Here are the top ways to save at tax time:
- Claim your eligible tuition fees – An eligible tuition fee is a fee you paid to attend your post-secondary educational institution for the tax year in question. Enter the amount of your tuition on line 320 of Schedule 11, Tuition, Education, and Textbook Amounts.
- Claim the education amount – If you are a full-time student (or a part-time student who can claim the disability amount or has a certified mental or physical impairment), you can claim $400 for each month you were enrolled in an educational institution. If you are a part-time student, you can claim $120 for each month you were enrolled.
- Claim the textbook amount – You can claim this amount onlyif you are entitled to claim the education amount. You can claim:
- Claim the interest paid on your student loans – You may be able to claim an amount for the interest paid on your loan in 2013 for post-secondary education. You can also claim interest paid over the last five years if you haven’t already claimed it. Only interest paid on loans received under the Canada Student Loans Act, the Canada Student Financial Assistance Act, or a similar provincial or territorial government law for post-secondary education can be claimed.
- Claim the public transit amount – If you use public transit, you may be able to save by claiming the cost of your transit passes. Keep your transit passes for local buses, streetcars, subways, commuter trains, and local ferries, and enter your total public transit amount on line 364 of Schedule 1, Federal Tax.
- Claim your eligible moving expenses – If you moved for your post-secondary studies and you are a full-time student, you may be able to claim moving expenses. However, you can only deduct these expenses from the part of your scholarships, fellowships, bursaries, certain prizes, and research grants that is required to be included in your income. If you moved to work, including summer employment, or to run a business, you can also claim moving expenses. However you can only deduct these expenses from the income you earned at the new work location. To qualify, your new home must be at least 40 kilometres closer to your new school or work location.
- Claim the GST/HST credit – If you have low or modest income, and you are a resident of Canada, you may be able to claim the goods and services tax/harmonized sales tax (GST/HST) credit. Apply for this quarterly payment by filling out the application on the first page of your income tax and benefit return.

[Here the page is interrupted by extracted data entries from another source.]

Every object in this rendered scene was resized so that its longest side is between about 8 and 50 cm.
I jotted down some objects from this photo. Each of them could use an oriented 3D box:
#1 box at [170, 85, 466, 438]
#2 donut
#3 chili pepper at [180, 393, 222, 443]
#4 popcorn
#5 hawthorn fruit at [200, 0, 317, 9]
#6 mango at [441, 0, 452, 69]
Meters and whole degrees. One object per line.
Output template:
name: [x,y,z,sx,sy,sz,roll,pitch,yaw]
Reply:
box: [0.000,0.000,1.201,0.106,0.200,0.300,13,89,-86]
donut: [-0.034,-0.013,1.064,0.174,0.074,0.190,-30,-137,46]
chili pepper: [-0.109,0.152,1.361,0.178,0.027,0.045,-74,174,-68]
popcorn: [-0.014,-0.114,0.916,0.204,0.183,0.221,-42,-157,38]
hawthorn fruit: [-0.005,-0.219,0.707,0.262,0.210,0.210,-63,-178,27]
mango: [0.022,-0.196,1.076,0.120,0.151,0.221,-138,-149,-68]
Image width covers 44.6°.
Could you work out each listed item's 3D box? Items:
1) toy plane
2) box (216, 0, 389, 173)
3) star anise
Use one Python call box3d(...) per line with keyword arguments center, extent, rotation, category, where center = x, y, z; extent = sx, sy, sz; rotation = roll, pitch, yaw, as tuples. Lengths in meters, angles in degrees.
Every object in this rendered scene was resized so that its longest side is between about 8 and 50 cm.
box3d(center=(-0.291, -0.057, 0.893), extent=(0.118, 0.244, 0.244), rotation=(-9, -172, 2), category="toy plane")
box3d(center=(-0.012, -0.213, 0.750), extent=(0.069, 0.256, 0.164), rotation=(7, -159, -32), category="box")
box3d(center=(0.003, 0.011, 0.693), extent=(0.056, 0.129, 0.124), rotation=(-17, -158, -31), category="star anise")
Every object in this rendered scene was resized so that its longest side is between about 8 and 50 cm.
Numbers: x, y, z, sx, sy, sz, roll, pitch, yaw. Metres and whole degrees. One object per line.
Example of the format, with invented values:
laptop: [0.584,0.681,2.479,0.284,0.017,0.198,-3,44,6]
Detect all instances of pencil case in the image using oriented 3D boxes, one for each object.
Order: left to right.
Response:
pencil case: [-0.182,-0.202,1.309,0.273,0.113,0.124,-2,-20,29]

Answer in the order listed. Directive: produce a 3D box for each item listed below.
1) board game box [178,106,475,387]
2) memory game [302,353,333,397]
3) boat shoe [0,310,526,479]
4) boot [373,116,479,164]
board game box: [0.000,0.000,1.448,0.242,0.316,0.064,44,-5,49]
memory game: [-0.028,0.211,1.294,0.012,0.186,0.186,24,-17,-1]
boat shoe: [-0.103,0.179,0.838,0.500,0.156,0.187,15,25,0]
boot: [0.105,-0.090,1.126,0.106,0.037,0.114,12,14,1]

- Claim your child care expenses – If you have to pay someone to look after your child so you can go to school, you may be able to deduct child care expenses.
Claiming medical expenses, on your tax return, may provide substantial tax savings.

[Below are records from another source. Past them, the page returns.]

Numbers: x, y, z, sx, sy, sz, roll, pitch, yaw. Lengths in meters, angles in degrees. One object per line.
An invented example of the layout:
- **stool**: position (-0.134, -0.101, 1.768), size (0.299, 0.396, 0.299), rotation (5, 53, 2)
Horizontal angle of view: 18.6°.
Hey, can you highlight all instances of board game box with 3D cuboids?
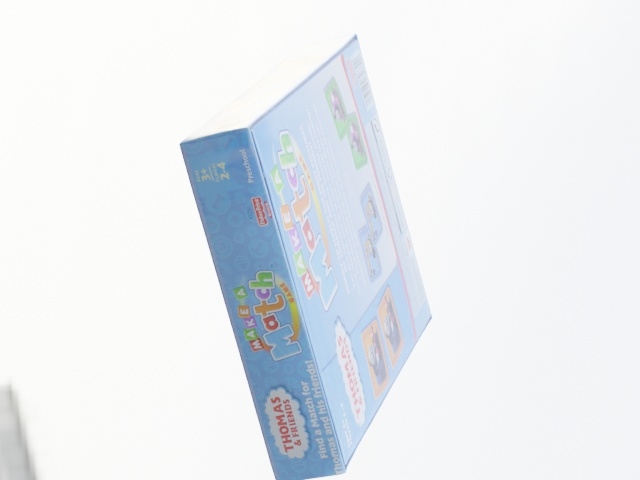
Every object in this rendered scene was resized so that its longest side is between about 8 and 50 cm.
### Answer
- **board game box**: position (0.000, 0.000, 0.932), size (0.211, 0.039, 0.160), rotation (-52, 128, -69)
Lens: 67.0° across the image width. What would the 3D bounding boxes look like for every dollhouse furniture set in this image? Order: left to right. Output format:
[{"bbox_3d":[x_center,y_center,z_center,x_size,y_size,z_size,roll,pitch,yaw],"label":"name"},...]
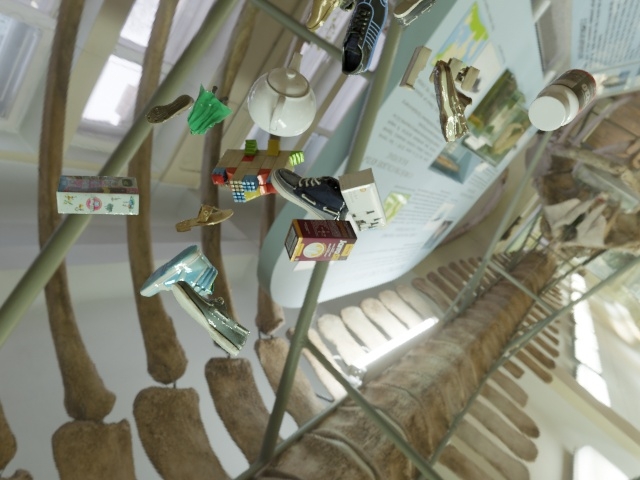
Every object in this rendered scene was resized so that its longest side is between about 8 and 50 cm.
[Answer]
[{"bbox_3d":[0.460,-0.635,1.907,0.242,0.160,0.212,21,-165,-10],"label":"dollhouse furniture set"}]

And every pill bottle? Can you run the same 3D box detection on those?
[{"bbox_3d":[0.927,-0.537,1.857,0.161,0.161,0.283,41,-124,17],"label":"pill bottle"}]

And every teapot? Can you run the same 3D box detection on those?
[{"bbox_3d":[-0.121,-0.487,1.628,0.253,0.187,0.256,-22,-113,-30],"label":"teapot"}]

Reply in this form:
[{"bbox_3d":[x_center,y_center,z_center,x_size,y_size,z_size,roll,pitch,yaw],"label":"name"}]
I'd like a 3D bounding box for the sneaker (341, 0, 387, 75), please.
[{"bbox_3d":[0.107,-0.532,1.228,0.082,0.232,0.090,24,-143,19],"label":"sneaker"}]

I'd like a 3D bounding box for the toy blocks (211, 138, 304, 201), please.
[{"bbox_3d":[-0.279,-0.261,1.964,0.382,0.190,0.260,4,-138,12],"label":"toy blocks"}]

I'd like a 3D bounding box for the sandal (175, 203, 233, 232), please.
[{"bbox_3d":[-0.481,-0.107,1.965,0.088,0.240,0.079,-117,10,-58],"label":"sandal"}]

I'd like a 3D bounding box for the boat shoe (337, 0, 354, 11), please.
[{"bbox_3d":[0.096,-0.843,1.730,0.049,0.056,0.152,57,-169,-6],"label":"boat shoe"}]

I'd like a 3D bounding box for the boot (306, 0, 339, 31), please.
[{"bbox_3d":[-0.062,-0.962,1.847,0.270,0.236,0.089,19,-135,-37],"label":"boot"}]

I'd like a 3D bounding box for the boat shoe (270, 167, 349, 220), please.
[{"bbox_3d":[-0.026,-0.194,1.755,0.341,0.158,0.127,38,-138,13],"label":"boat shoe"}]

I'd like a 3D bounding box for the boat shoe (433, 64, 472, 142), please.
[{"bbox_3d":[0.396,-0.411,1.427,0.257,0.095,0.095,63,-165,-50],"label":"boat shoe"}]

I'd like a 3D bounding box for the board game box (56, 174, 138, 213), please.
[{"bbox_3d":[-0.940,-0.196,2.055,0.304,0.097,0.224,-2,-155,-24],"label":"board game box"}]

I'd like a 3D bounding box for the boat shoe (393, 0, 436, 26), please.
[{"bbox_3d":[0.335,-0.784,1.599,0.075,0.206,0.065,55,180,37],"label":"boat shoe"}]

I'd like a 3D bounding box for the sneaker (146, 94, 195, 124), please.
[{"bbox_3d":[-0.552,-0.478,1.800,0.071,0.189,0.066,-21,-91,-82],"label":"sneaker"}]

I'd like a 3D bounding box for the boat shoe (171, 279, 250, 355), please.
[{"bbox_3d":[-0.339,0.226,1.520,0.116,0.099,0.319,3,135,54],"label":"boat shoe"}]

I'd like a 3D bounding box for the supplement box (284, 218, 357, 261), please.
[{"bbox_3d":[0.000,0.000,1.438,0.188,0.104,0.080,0,-134,-24],"label":"supplement box"}]

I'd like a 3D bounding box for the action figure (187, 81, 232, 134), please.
[{"bbox_3d":[-0.399,-0.433,1.667,0.137,0.232,0.063,46,-133,-10],"label":"action figure"}]

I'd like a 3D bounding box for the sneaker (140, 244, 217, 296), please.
[{"bbox_3d":[-0.556,0.178,1.953,0.208,0.319,0.127,49,-162,-24],"label":"sneaker"}]

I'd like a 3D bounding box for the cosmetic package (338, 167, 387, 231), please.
[{"bbox_3d":[0.130,-0.113,1.428,0.239,0.099,0.060,59,-162,-58],"label":"cosmetic package"}]

Medical expenses cover a wide range of healthcare related costs such as:
- Pharmaceutical prescriptions
- Eye exams, glasses and/or contact lenses
- Dental and orthodontic work
- Chiropractic costs
- Hearing aids and their replacement batteries
- Massage therapy
- Medical travel insurance
- Medical plan deductibles
The list is extensive so it is worth checking before you throw away receipts that could be valuable.

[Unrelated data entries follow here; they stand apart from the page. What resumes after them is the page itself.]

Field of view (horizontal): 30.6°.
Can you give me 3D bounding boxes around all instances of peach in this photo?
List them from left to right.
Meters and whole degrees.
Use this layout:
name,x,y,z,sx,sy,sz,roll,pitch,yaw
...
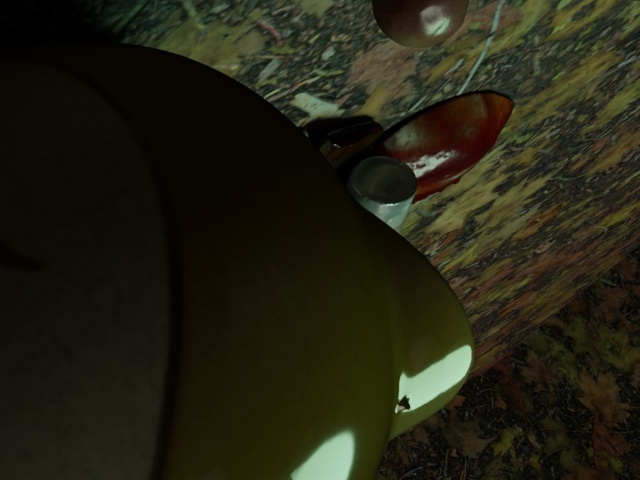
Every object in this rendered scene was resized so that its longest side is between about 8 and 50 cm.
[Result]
name,x,y,z,sx,sy,sz,roll,pitch,yaw
peach,0.081,-0.196,0.952,0.083,0.083,0.083,-30,164,-9
peach,0.146,-0.097,1.402,0.279,0.068,0.189,-24,164,-26

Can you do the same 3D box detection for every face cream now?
name,x,y,z,sx,sy,sz,roll,pitch,yaw
face cream,0.034,0.028,1.340,0.107,0.073,0.269,-35,155,-45

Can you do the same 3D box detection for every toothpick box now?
name,x,y,z,sx,sy,sz,roll,pitch,yaw
toothpick box,-0.162,0.085,0.730,0.425,0.409,0.409,-29,165,-33

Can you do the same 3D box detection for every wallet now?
name,x,y,z,sx,sy,sz,roll,pitch,yaw
wallet,-0.037,-0.044,1.270,0.255,0.031,0.137,-40,167,32

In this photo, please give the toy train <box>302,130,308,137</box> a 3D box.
name,x,y,z,sx,sy,sz,roll,pitch,yaw
toy train,-0.109,-0.024,1.166,0.252,0.048,0.055,-34,166,5
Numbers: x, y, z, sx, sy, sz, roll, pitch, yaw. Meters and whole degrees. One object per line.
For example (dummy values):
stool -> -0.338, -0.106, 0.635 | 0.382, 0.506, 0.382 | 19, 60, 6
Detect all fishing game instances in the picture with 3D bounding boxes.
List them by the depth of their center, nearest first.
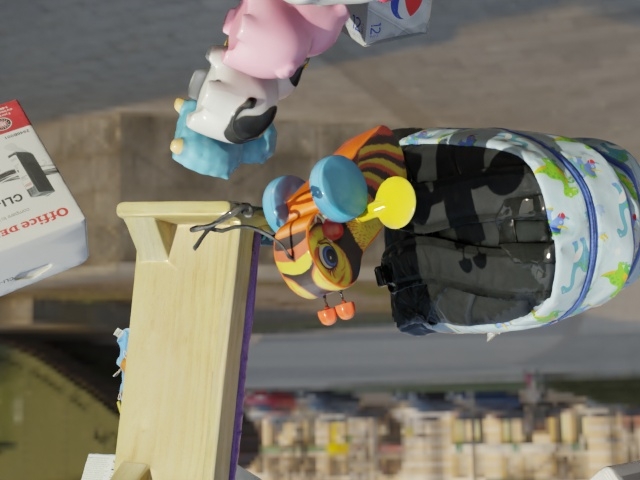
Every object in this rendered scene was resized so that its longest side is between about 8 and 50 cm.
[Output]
fishing game -> -0.293, 0.224, 2.013 | 0.041, 0.189, 0.264 | -8, 146, -22

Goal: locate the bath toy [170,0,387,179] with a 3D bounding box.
bath toy -> -0.034, -0.196, 1.286 | 0.129, 0.151, 0.348 | 16, 145, -18

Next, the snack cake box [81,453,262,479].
snack cake box -> -0.221, 0.382, 1.814 | 0.264, 0.152, 0.089 | -4, 151, 36

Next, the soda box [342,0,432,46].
soda box -> 0.013, -0.324, 1.505 | 0.091, 0.098, 0.286 | -15, -144, -28

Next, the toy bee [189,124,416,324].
toy bee -> 0.000, 0.000, 1.384 | 0.298, 0.162, 0.195 | -29, -172, -26

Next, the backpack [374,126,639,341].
backpack -> 0.236, -0.018, 1.633 | 0.273, 0.290, 0.355 | -3, 178, -15

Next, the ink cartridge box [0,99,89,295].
ink cartridge box -> -0.506, -0.064, 2.052 | 0.197, 0.273, 0.114 | -23, 151, -22

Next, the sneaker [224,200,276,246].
sneaker -> -0.074, -0.019, 1.646 | 0.166, 0.065, 0.076 | -7, -173, -35

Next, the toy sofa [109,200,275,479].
toy sofa -> -0.137, 0.140, 1.468 | 0.150, 0.363, 0.177 | 0, 169, 27

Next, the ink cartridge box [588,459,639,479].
ink cartridge box -> 0.316, 0.315, 1.396 | 0.296, 0.066, 0.261 | 0, 141, -44
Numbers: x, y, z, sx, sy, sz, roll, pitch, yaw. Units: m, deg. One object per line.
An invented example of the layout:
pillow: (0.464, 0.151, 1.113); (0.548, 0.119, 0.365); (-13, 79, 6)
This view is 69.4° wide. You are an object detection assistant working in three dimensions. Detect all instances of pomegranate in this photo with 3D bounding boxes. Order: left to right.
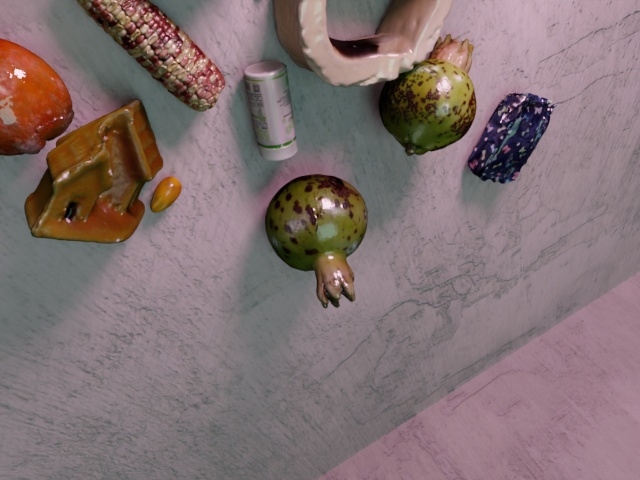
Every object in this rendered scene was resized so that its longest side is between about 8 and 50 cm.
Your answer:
pomegranate: (-0.014, 0.001, 1.066); (0.242, 0.242, 0.306); (15, 74, -36)
pomegranate: (0.261, -0.320, 1.037); (0.276, 0.221, 0.204); (-40, 118, -23)

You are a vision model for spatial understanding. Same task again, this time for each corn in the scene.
corn: (-0.285, -0.338, 0.787); (0.098, 0.098, 0.289); (-45, 129, 7)

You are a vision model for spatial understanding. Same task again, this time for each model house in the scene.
model house: (-0.371, -0.128, 0.815); (0.173, 0.268, 0.239); (28, 106, -20)

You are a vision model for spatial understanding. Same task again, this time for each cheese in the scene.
cheese: (0.087, -0.454, 0.873); (0.331, 0.153, 0.293); (-12, 128, -20)

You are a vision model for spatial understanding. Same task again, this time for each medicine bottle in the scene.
medicine bottle: (-0.100, -0.264, 0.951); (0.086, 0.086, 0.184); (-20, 131, -16)

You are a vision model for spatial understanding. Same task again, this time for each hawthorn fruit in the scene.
hawthorn fruit: (-0.484, -0.218, 0.713); (0.172, 0.173, 0.173); (-15, 129, -19)

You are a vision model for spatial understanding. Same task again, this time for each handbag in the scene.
handbag: (0.523, -0.279, 1.278); (0.161, 0.113, 0.260); (7, 120, -28)

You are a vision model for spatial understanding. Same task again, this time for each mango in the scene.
mango: (-0.327, -0.094, 0.968); (0.046, 0.060, 0.089); (43, 101, -2)
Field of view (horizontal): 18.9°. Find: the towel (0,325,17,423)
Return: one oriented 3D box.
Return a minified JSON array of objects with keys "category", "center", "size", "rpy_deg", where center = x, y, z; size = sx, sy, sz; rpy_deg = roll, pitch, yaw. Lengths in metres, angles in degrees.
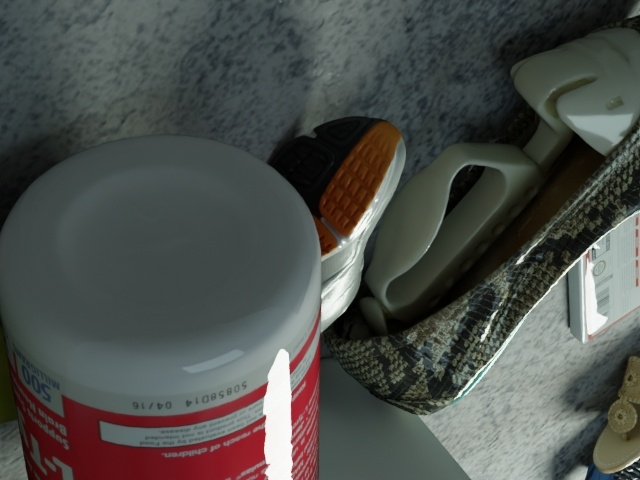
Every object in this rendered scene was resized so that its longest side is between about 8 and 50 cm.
[{"category":"towel","center":[-0.227,0.096,1.527],"size":[0.237,0.021,0.102],"rpy_deg":[-14,133,-35]}]

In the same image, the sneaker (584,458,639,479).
[{"category":"sneaker","center":[0.354,0.248,2.235],"size":[0.069,0.082,0.209],"rpy_deg":[28,89,-26]}]

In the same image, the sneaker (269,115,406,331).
[{"category":"sneaker","center":[0.000,0.000,1.596],"size":[0.121,0.099,0.262],"rpy_deg":[-5,139,-51]}]

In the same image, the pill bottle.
[{"category":"pill bottle","center":[-0.114,0.136,1.456],"size":[0.229,0.229,0.407],"rpy_deg":[-26,142,-23]}]

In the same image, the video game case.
[{"category":"video game case","center":[0.373,-0.029,1.978],"size":[0.285,0.025,0.204],"rpy_deg":[-31,144,-16]}]

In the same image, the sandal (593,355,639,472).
[{"category":"sandal","center":[0.375,0.151,2.152],"size":[0.240,0.088,0.079],"rpy_deg":[-41,115,-15]}]

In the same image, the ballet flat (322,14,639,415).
[{"category":"ballet flat","center":[0.182,-0.051,1.671],"size":[0.483,0.164,0.182],"rpy_deg":[-48,130,11]}]

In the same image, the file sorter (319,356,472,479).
[{"category":"file sorter","center":[0.016,0.263,1.718],"size":[0.193,0.277,0.173],"rpy_deg":[-5,132,-42]}]

To claim medical expenses, the total costs must exceed three per cent of your net income and only the portion that exceeds your net income is claimed. Example: if your net income is $30,000, your medical expenses have to exceed $900 ($30,000 x 3%) and you can only claim the expenses over $900.
Taxpayers may claim qualifying medical expenses they paid in the taxation year, or in any period of twelve months ending in the taxation year. Any twelve-month period ending in the year may be selected to determine the most advantageous total for medical expenses. This could mean reporting expenses from June 2008 to May 2009 to give you the largest total to claim.
Even if you have medical or dental insurance that reimburses you for your health costs, you can still the claim the portion of expenses that the insurance plan does not cover. And the premiums you pay for private health insurance, such as the ones deducted directly from your paycheque, can also be included as a medical expense.